アレックスはベンツを受け止める。ベンツはものすごいバワーだ。どんなレスラーもこんなぶちかましはできまい。腕がしびれ、踏ん張った両足が地面のアスファルトにめり込んでじりじりと押される。
アレックスはベンツを受け止め切った。そのまま車体の下に手を入れてベンツを持ち上げる。すると前輪が浮いて、車は推進力を失った。
「シーザー、観念しろ。このままベンツから引きずり出してもいいんだぜ」
「そんなことさせるか。これでもくらえ」
シーザーが窓から体を乗り出し、銃撃する。
アレックスは車体を手放し、素早く横っ飛びしてかわす。
すると自由になったベンツはしばらく走ってUターンし、再びアレックスへ突っ込んでくる。
「ボーイ、このままじゃ埒が明かん。あの鉄のチャリオットを破壊するぞ。走ってきたところをカウンターでぶん殴れ」
言いつつ、毛皮はアレックスの頭部から右の拳へ移動して巻き付いた。すると、アレックスの右こぶしに毛皮の力が凝縮する。
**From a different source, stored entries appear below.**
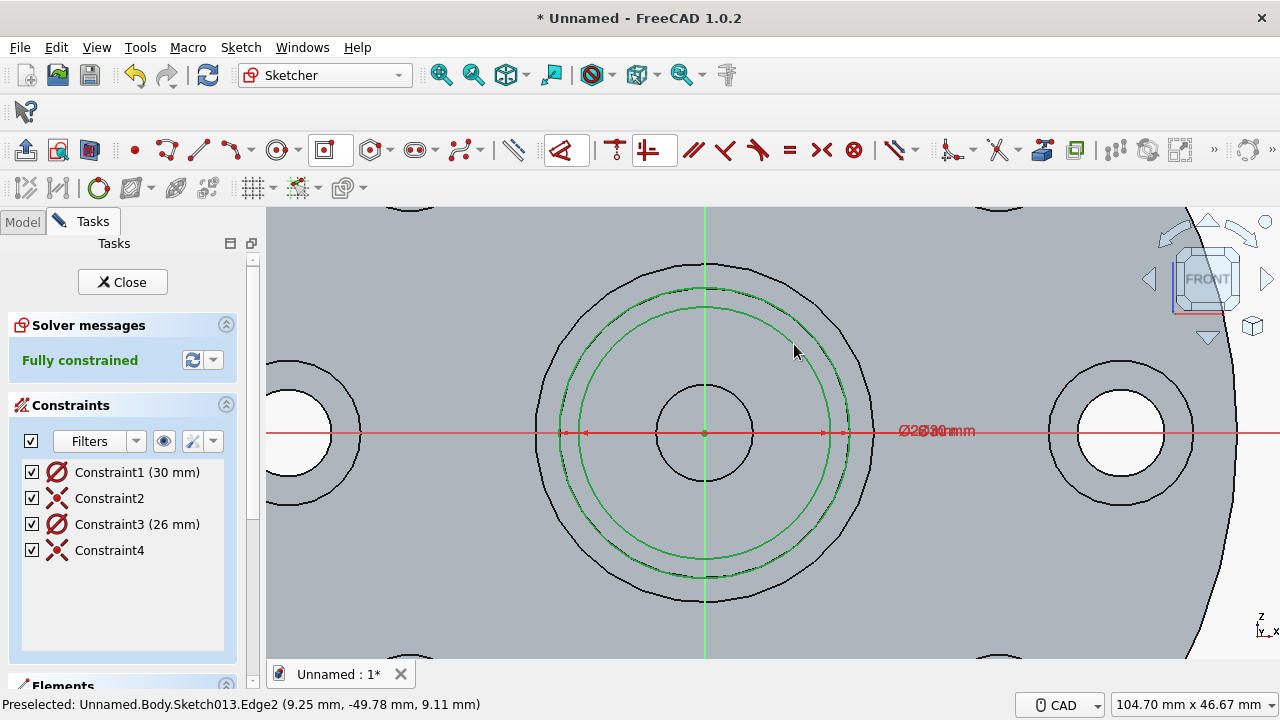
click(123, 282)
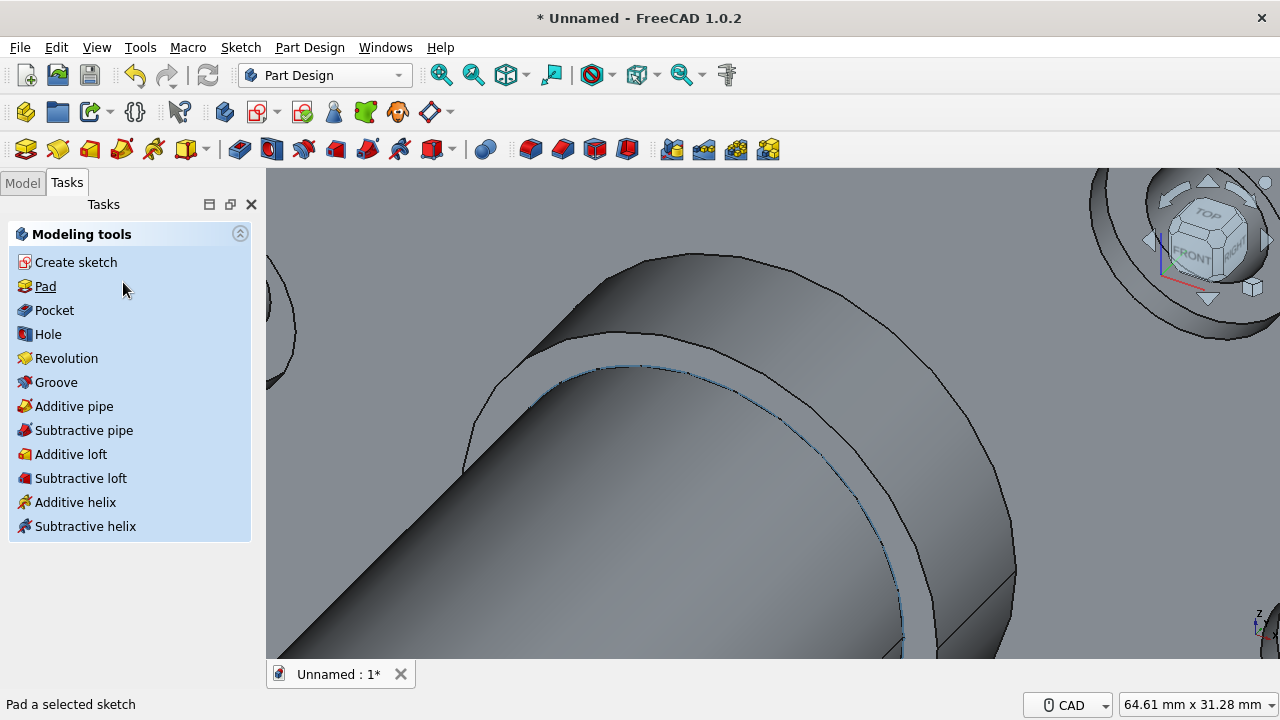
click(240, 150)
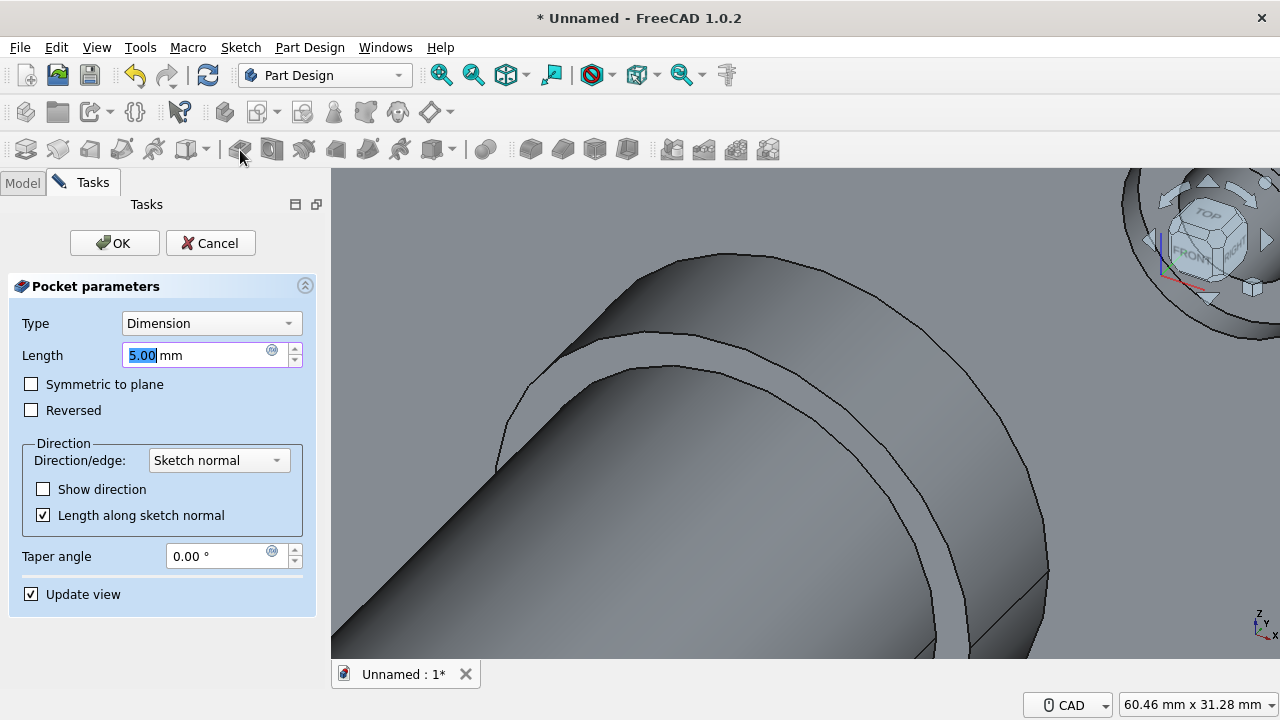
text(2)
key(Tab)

「鉄のチャリオットって車のことだよな。カウンターでぶっ壊すなんてことできるのか?」
「できるとも。というより、私は降伏なんぞ呼びかけるつもりはなかった。初めからお前もそのつもりだとばかり思っていたんだがな」
「いやいやいや、まさかまさかだよ。ぶっ壊すなんてとんでもない。あれは高級車で、しかも新車だぞ。できたとしても絶対にやらないからな」
「何ぬるいことを言っている。まだ降伏を呼びかけるのか? あの態度を見る限り、絶対に応じない。どちらかが倒れるまで攻撃してくるぞ。目を覚ませ」
毛皮はため息をつく。巻き付いたアレックスの拳を操り、頬を殴らせた。
「痛ってえ……。お前の言うことは間違ってないけど……、ベンツがなあ」
そのうちに、ベンツが迫ってきた。
どうすればいいのだ。アレックスは、破かれたチラシを思い出した。さらには、フィオナのスマートフォンを踏みつぶしたことだって今でも目に焼き付いている。絶対に許せない。そうだ、悪はオーフェンだけでない。シーザーも倒さねばならない。
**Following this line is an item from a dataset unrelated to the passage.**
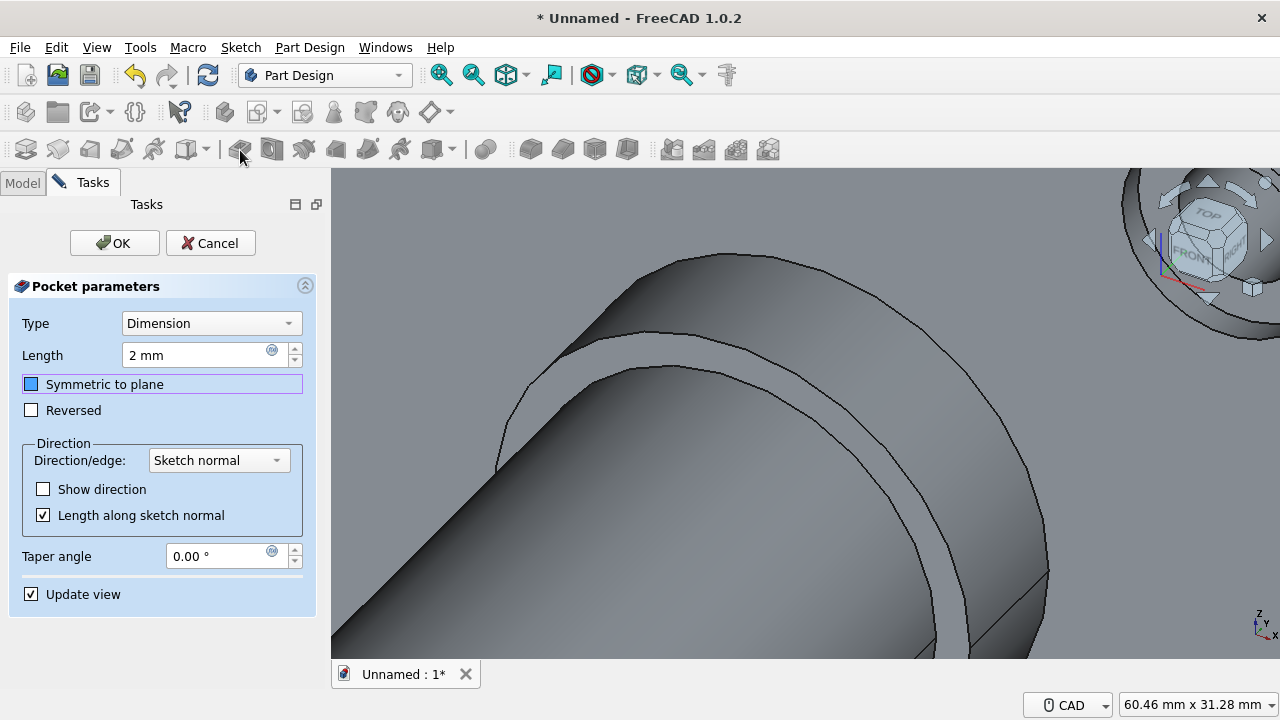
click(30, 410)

アレックスは拳を握り、突っ込んでくるベンツを全力でぶん殴った。
パンチがバンパーに当たった瞬間、大型車同士が正面衝突したような、ガス爆発のような、激しい音が鳴った。
「ああ……、なんてことだ」
あの素晴らしいベンツが軽々と舞い上がった後、テニスボールのように2度3度とバウンドしながら吹き飛んでいる。ドアだとかタイヤだとかボディの一部の赤い金属片をまき散らして転げまわり、しばらくして炎上した。高級車が鉄くずに変わるところを初めて目撃し、アレックスは世の無常を悲しんだ。
「オーマイガー。助けに行かなきゃ」
アレックスは炎上するベンツに駆け寄る。
しかし、毛皮は足に巻き付いてそれを止めた。
「馬鹿言うな。あいつ、火を焚き始めたぞ。チャリオットもろともぶっ飛ばされたというのに戦意十分じゃないか。敵ながらあっぱれだ」
「サバンナ育ちはこれだから困る。あれは火を焚いてるんじゃなくて、中のガソリンが燃えてるんだよ。それなのに車から出てこないんだから、車内で気を失ってるんだ」
「むう……、チャリオット内の松明が燃え移ったということか。しかしそれでも助けに行くわけにはいかない。後続が来ている」
オーフェンの屋敷がある方角から、たくさんのライトとエンジン音が近づいてくる。シーザーの部下たちが乗った車だ。もちろんベンツではないが、大きな脅威だ。車に乗っているのは銃を持った男たちなのだから。
アレックスはニューヨークの街中を目指し、猛スピードで逃走を開始した。